The final Act takes place on a boat as Ros and Guil are supposed to be taking Hamlet to England. Guil spends some time commenting on their setting, and Ros at one point wonders if death is like being on a boat. The boat is out at sea, surrounded by vast expanses of water with no land in sight, but it is also on a fixed course. The setting plays into much of the "wind" imagery that occurs throughout the play as Ros and Guil attempt to determine which way the wind is blowing (and metaphorically determine the course of events). Guil finds the boat comforting because they know that they are going somewhere, but they are still free to move about their confined space as they like. We'll get more into how this is a symbol for the relationship between life, free will, and death in the "Symbols, Imagery, Allegory" section.

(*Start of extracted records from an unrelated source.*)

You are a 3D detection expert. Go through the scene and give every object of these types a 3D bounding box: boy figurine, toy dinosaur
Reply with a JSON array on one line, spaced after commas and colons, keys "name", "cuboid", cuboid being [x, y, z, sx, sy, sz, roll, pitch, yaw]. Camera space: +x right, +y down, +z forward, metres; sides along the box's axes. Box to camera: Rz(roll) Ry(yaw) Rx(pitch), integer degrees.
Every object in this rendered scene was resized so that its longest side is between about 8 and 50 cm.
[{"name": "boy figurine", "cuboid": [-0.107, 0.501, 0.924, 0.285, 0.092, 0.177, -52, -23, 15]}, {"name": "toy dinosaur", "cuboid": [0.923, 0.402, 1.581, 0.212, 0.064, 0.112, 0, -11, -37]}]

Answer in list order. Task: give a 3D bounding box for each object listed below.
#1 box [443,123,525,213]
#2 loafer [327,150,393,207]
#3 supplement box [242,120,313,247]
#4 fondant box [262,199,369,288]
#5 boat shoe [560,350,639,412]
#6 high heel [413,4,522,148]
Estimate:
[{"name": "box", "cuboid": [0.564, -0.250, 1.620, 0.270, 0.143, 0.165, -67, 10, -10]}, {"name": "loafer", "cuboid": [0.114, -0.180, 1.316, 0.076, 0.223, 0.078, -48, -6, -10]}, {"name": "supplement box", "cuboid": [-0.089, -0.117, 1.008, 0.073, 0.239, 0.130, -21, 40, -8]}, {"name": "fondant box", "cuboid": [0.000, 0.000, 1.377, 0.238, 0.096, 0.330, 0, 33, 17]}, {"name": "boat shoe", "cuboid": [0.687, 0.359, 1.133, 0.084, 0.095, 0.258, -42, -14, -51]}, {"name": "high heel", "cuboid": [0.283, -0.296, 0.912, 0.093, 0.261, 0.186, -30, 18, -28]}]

Lastly, note that the characters in the play show a subtle understanding of the fact that they are on stage. Ros at one point yells "Fire!" to the audience, and Guil, while speaking with Alfred, looks out and addresses the audience. Hamlet attempts to spit on the audience, but ends up spitting on himself. There is much discussion of the relationship between art and reality in the play, and it makes sense that the characters are on the brink of stepping out of the situation of the play and saying – "Yes, we know we are on a stage in a theater and that we are just characters in a play." Yet, there seems to be something that keeps them from doing this outright (check out the Player's "Symbols, Imagery, Allegory" section for some idea on what this might be).